- Born: Caetano Penna Franco Altafin Rodrigues da Cunha January 13, 1983 (age 43)
- Education: Harvard Law School
- Occupations: Entrepreneur; Attorney;
- Known for: Rowing across the Atlantic Ocean

= Caetano Altafin =

Brazilian ocean rower

Caetano Penna Franco Altafin Rodrigues da Cunha (born January 13, 1983) is an attorney and ocean rower. In 2015, he rowed across the North Atlantic Ocean to promote osteosarcoma research. He has a Master of Law from Harvard Law School.

==Early life and education==
Altafin was born in Rio de Janeiro, Brazil. He studied law at the Pontifical Catholic University of Rio de Janeiro (PUC-Rio) and participated in the Master of Laws (LL.M.) program at Harvard Law School in 2010.

While studying at Harvard, he was president of the Harvard Law School Brazilian Studies Association.

==Legal career==
After graduating from Harvard Law School and being admitted to the New York Bar, Altafin worked at Simpson Thacher & Bartlett.
He also worked at Hogan Lovells.

==Atlantic rowing==
In 2015, Altafin participated in an 8-person
transatlantic rowing voyage from Spain to Barbados, whose goal was to support osteosarcoma research at Brazil's National Institute of Traumatology and Orthopedics (INTO).

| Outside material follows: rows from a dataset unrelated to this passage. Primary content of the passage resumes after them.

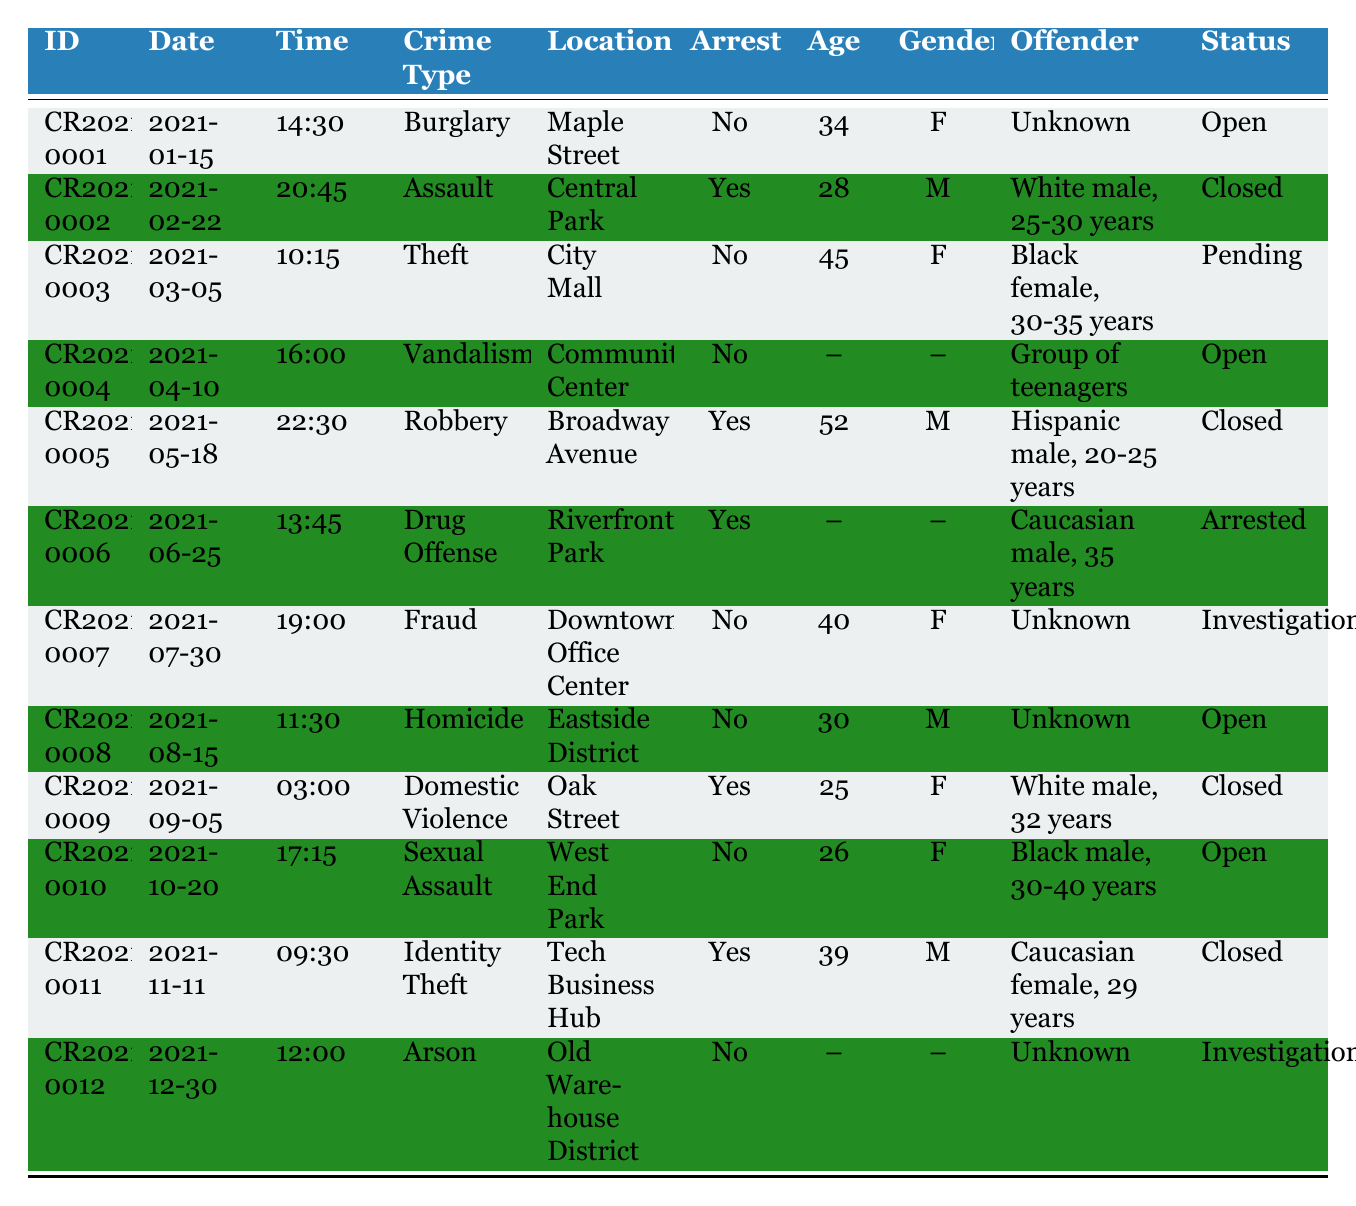What is the total number of incidents listed in the table? The table contains 12 rows of data, each representing an incident. Thus, the total number of incidents is simply counted as 12.
Answer: 12 How many different types of crimes are recorded in the data? By reviewing the "Crime Type" column, we can identify the unique types of crimes which include Burglary, Assault, Theft, Vandalism, Robbery, Drug Offense, Fraud, Homicide, Domestic Violence, Sexual Assault, Identity Theft, and Arson. There are 12 different crime types.
Answer: 12 Which incident has the latest date recorded? To find the latest date, we check all the entries in the "Date" column. The date "2021-12-30" is the latest among all.
Answer: 2021-12-30 How many arrests were made according to this report? We can count the "Arrest" column where it is marked as "Yes". There are 5 incidents with an arrest made.
Answer: 5 What percentage of incidents resulted in an arrest? To calculate the percentage, we know there are 12 total incidents (from the first question) and 5 arrests made. The percentage is (5 / 12) * 100, which equals approximately 41.67%.
Answer: 41.67% How many crimes remain open according to the report? By inspecting the "Status" column, we see that 5 incidents have the status "Open" among the total 12.
Answer: 5 Is there any incident with a victim's gender noted as "Female" that was closed? We check for entries where "Gender" is "F" and "Status" is "Closed". The incident CR2021-0002 is the one that matches both criteria.
Answer: Yes Which crime type had the highest number of incidents that ended in arrest? By counting the number of arrests for each crime type: Assault (1), Robbery (1), Drug Offense (1), Domestic Violence (1), and Identity Theft (1). Each has one arrest, but no crime type has more than one incident leading to an arrest.
Answer: All relevant crime types equally had one incident with an arrest How many incidents involved victims aged 30 years or older? Looking at the "Victim Age" column, we find the ages that are 30 and older: 34, 45, 52, 40, 30, 25, and 39. This results in 6 incidents with victims aged 30 or older.
Answer: 6 What is the case status of the robbery incident? The incident with the crime type "Robbery" is CR2021-0005, and its status can be found in the "Status" column, which indicates "Closed".
Answer: Closed 
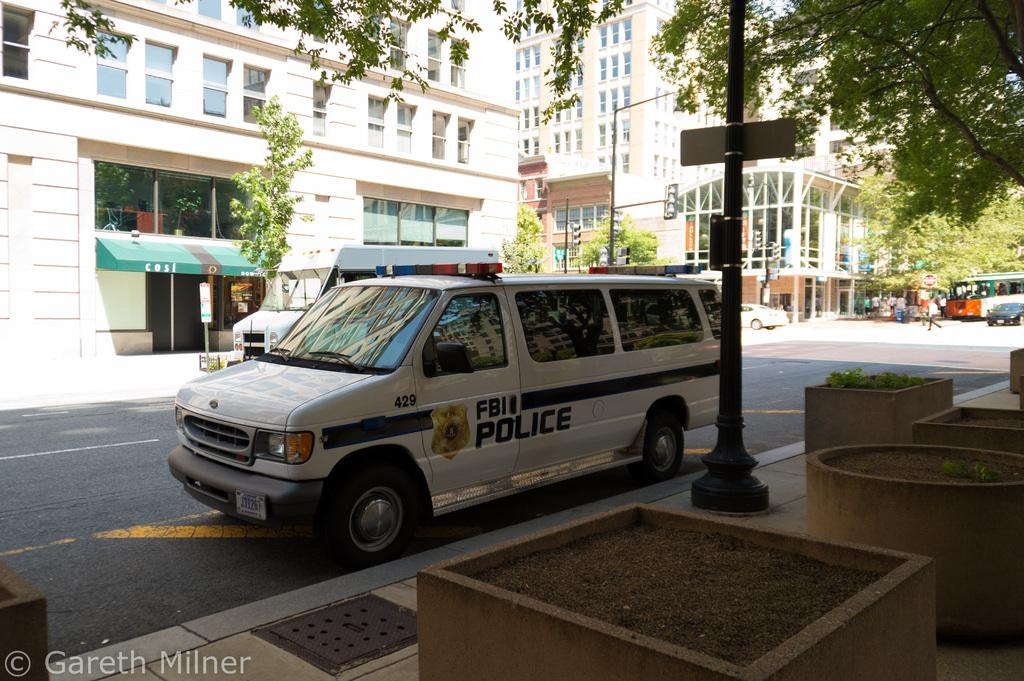What is parked on the road in the image? There is a car parked on the road in the image. What can be seen in the background of the image? There are trees and buildings in the backdrop of the image. What is the main feature of the foreground in the image? The main feature of the foreground in the image is the car parked on the road. What type of surface is visible in the image? There is a road visible in the image. Can you see a window in the car in the image? There is no window visible in the car in the image; it is a parked car, and the windows are not shown. 
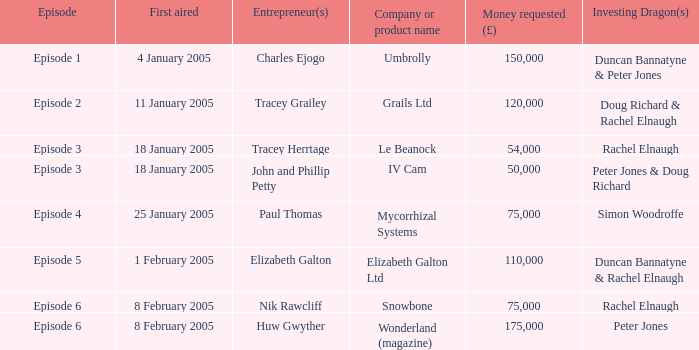Who were the investing dragons in the episode that initially broadcasted on 18 january 2005 featuring the entrepreneur tracey herrtage? Rachel Elnaugh. 
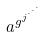Convert formula to latex. <formula><loc_0><loc_0><loc_500><loc_500>a ^ { g ^ { j ^ { \cdot ^ { \cdot ^ { \cdot } } } } }</formula> 
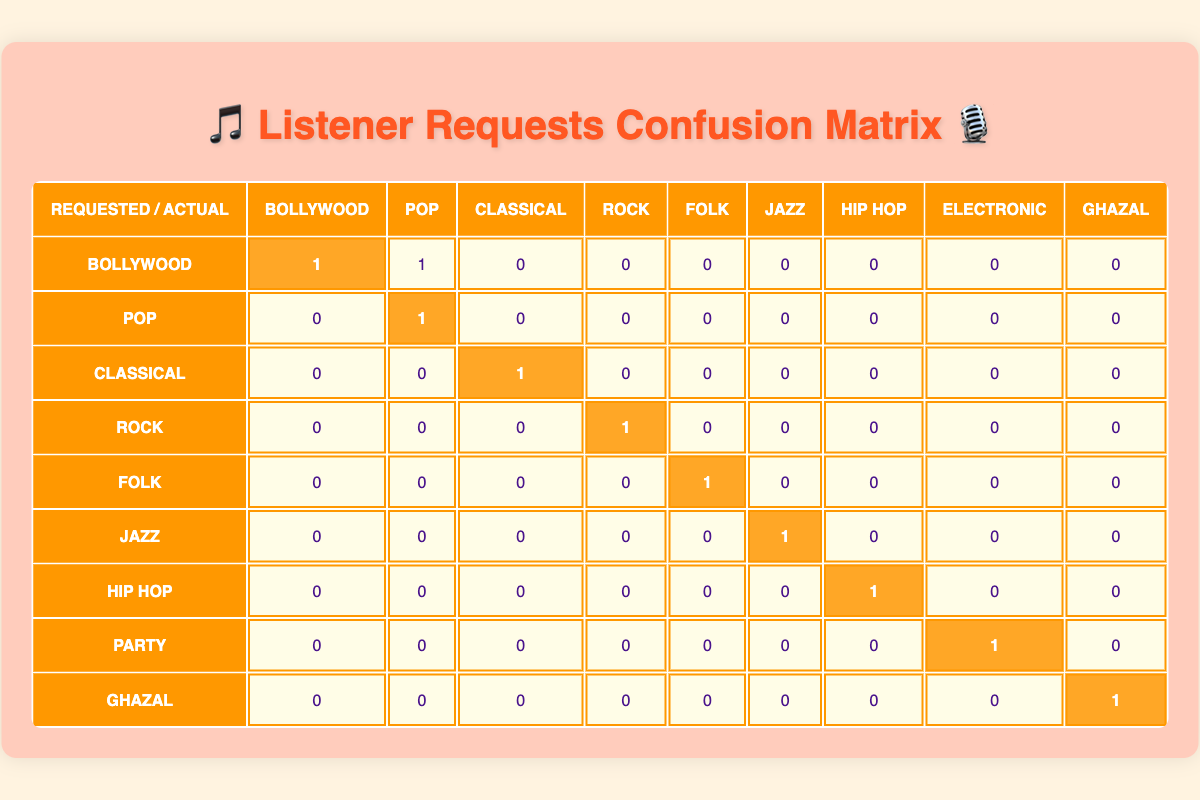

In 2016, he carried the Olympic torch during the Rio de Janeiro Olympic Games.
==Samba Soccer==
In 2002, Altafin served as a coach with Samba Soccer in Ireland, participating in a youth football development programme. Contemporary newspaper coverage documented his participation in coaching clinics, school visits and community football events across several Irish counties, including Roscommon, Tipperary, Offaly and Waterford, alongside Brazilian and Argentine coaches.

During the same period, Altafin was received by President Mary McAleese at Áras an Uachtaráin as part of a delegation associated with the Samba Soccer programme.
==Research==
Altafin has published academic work in the fields of corporate law and financial regulation, including articles in the Revista Semestral de Direito Empresarial.
As an undergraduate researcher at the Pontifical Catholic University of Rio de Janeiro (PUC-Rio), Altafin authored the study A Arte de Ter Razão: Dialética e Erística em Aristóteles e Schopenhauer, developed through the university's PIBIC undergraduate research programme.
==Philanthropy==

===Crescendo Feliz / Library Tree (2002–2013)===

In 2002, Altafin founded the Sociedade de Apoio à Inclusão Social Crescendo Feliz, also known as Library Tree, a non-profit organization dedicated to educational and social inclusion initiatives. He served as its chairperson and as a volunteer until December 2013. According to an interview published by Looplex, the organization established community libraries and developed sports activities for children with disabilities and from underserved communities.

===TartarUrca===

Altafin founded the TartarUrca Institute, a non-profit organization focused on environmental education and marine conservation in Guanabara Bay, Rio de Janeiro. The institute's activities include initiatives aimed at protecting marine species and promoting environmental awareness.
==Film==
Altafin appeared in the documentary film Romance de Formação (2011), which followed students from universities in Brazil, the United States and Germany.